K6: An Open-Source Load Testing Tool for Engineering | TTC Global

K6: An Open-Source Load Testing Tool for Engineering

3 Key Advantages When Compared to JMeter

Brendan Lester
  • Brendan Lester
  • 21 December 2021

During the year, I had the pleasure of working on the creation of a new Product for one of my clients. The Product has had a very positive impact on their business and, interestingly, will soon replace something I helped build many, many years ago. The original version served its purpose very well mind you, but times have moved on. The new Product was built with modern app standards, consisting of a stateless API backend (Kubernetes, not Serverless) and a React UI.

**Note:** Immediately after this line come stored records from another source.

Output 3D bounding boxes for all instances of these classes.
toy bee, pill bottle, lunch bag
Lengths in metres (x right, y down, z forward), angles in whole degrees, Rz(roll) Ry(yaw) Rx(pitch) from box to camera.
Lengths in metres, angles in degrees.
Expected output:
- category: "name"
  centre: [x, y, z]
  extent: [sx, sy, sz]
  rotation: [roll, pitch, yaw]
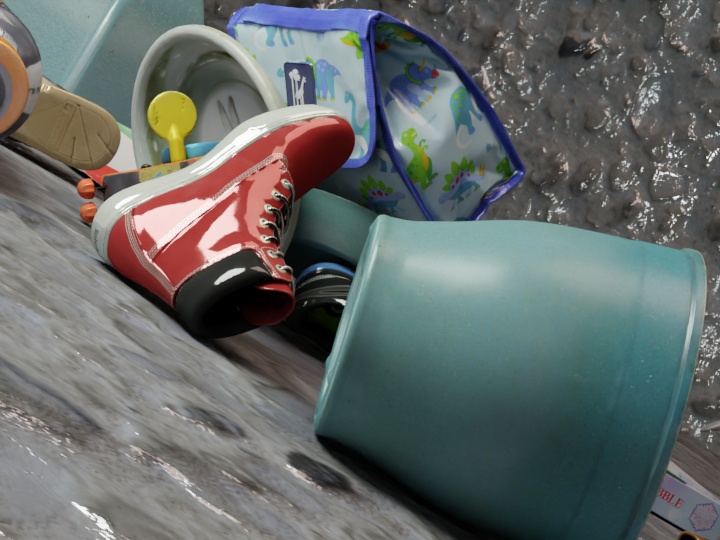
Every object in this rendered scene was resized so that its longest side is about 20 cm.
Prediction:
- category: "toy bee"
  centre: [-0.144, -0.050, 1.417]
  extent: [0.109, 0.200, 0.131]
  rotation: [-8, 69, -40]
- category: "pill bottle"
  centre: [-0.282, -0.145, 1.364]
  extent: [0.106, 0.106, 0.200]
  rotation: [30, 5, -24]
- category: "lunch bag"
  centre: [0.001, -0.118, 1.486]
  extent: [0.170, 0.127, 0.200]
  rotation: [9, -41, 48]

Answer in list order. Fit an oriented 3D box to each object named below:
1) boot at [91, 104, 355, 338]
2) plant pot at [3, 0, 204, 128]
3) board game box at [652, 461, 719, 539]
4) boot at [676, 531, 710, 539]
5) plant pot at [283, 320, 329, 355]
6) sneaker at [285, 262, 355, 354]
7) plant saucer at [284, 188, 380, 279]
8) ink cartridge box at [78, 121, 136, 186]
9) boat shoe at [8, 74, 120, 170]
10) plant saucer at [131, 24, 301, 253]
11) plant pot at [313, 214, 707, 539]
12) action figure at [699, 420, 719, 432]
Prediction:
- category: "boot"
  centre: [-0.055, -0.029, 1.274]
  extent: [0.144, 0.200, 0.072]
  rotation: [36, -35, 38]
- category: "plant pot"
  centre: [-0.286, -0.264, 2.141]
  extent: [0.196, 0.200, 0.196]
  rotation: [35, 4, 33]
- category: "board game box"
  centre: [0.238, 0.173, 1.896]
  extent: [0.199, 0.041, 0.200]
  rotation: [31, 5, -21]
- category: "boot"
  centre: [0.373, 0.269, 1.562]
  extent: [0.200, 0.068, 0.188]
  rotation: [27, 7, -48]
- category: "plant pot"
  centre: [0.019, 0.071, 1.591]
  extent: [0.200, 0.027, 0.200]
  rotation: [32, 4, -3]
- category: "sneaker"
  centre: [0.031, 0.067, 1.457]
  extent: [0.200, 0.071, 0.083]
  rotation: [28, 33, 4]
- category: "plant saucer"
  centre: [0.000, 0.000, 1.537]
  extent: [0.200, 0.036, 0.200]
  rotation: [26, -17, 8]
- category: "ink cartridge box"
  centre: [-0.204, -0.092, 1.752]
  extent: [0.200, 0.050, 0.161]
  rotation: [32, 3, 41]
- category: "boat shoe"
  centre: [-0.290, -0.142, 1.575]
  extent: [0.200, 0.072, 0.065]
  rotation: [27, -7, -22]
- category: "plant saucer"
  centre: [-0.098, -0.090, 1.480]
  extent: [0.050, 0.200, 0.200]
  rotation: [-17, 39, -39]
- category: "plant pot"
  centre: [0.077, 0.058, 1.130]
  extent: [0.188, 0.200, 0.200]
  rotation: [16, 5, -3]
- category: "action figure"
  centre: [0.380, 0.217, 1.776]
  extent: [0.194, 0.105, 0.200]
  rotation: [66, 17, 0]

My role on the project was to validate that the performance of the API backend would perform well under various load conditions. The client already had some JMeter tests being used onsite, but they had little skills in-house to maintain them in the future. I wanted to establish a testing approach that would grow well alongside the future enhancements and deliveries of the Product, so instead of JMeter, I turned to K6. K6 is an “Open-source load testing tool for engineering teams”. While K6 has a Go based runtime, it presents to the test script developer as JavaScript.

Advantages Over JMeter:

  • WYSIWYG. What I develop and see on my IDE as JavaScript is exactly what I check into source control and see for history and audit. JMeter on the other hand looks like one thing in the IDE but is checked in quite differently as XML.
  • Because it’s JavaScript, I instantly have more people on the team that would be comfortable contributing to and maintaining the suite. I am a huge advocate of testing early and often, and the easier I can shift-left this activity, the better. Developers who can easily adapt to JavaScript now have no reason not to deliver both code and test in parallel.
  • The underlying Go runtime is significantly more efficient than Java. I can run large tests with many API calls, with far less resources than I would require with JMeter.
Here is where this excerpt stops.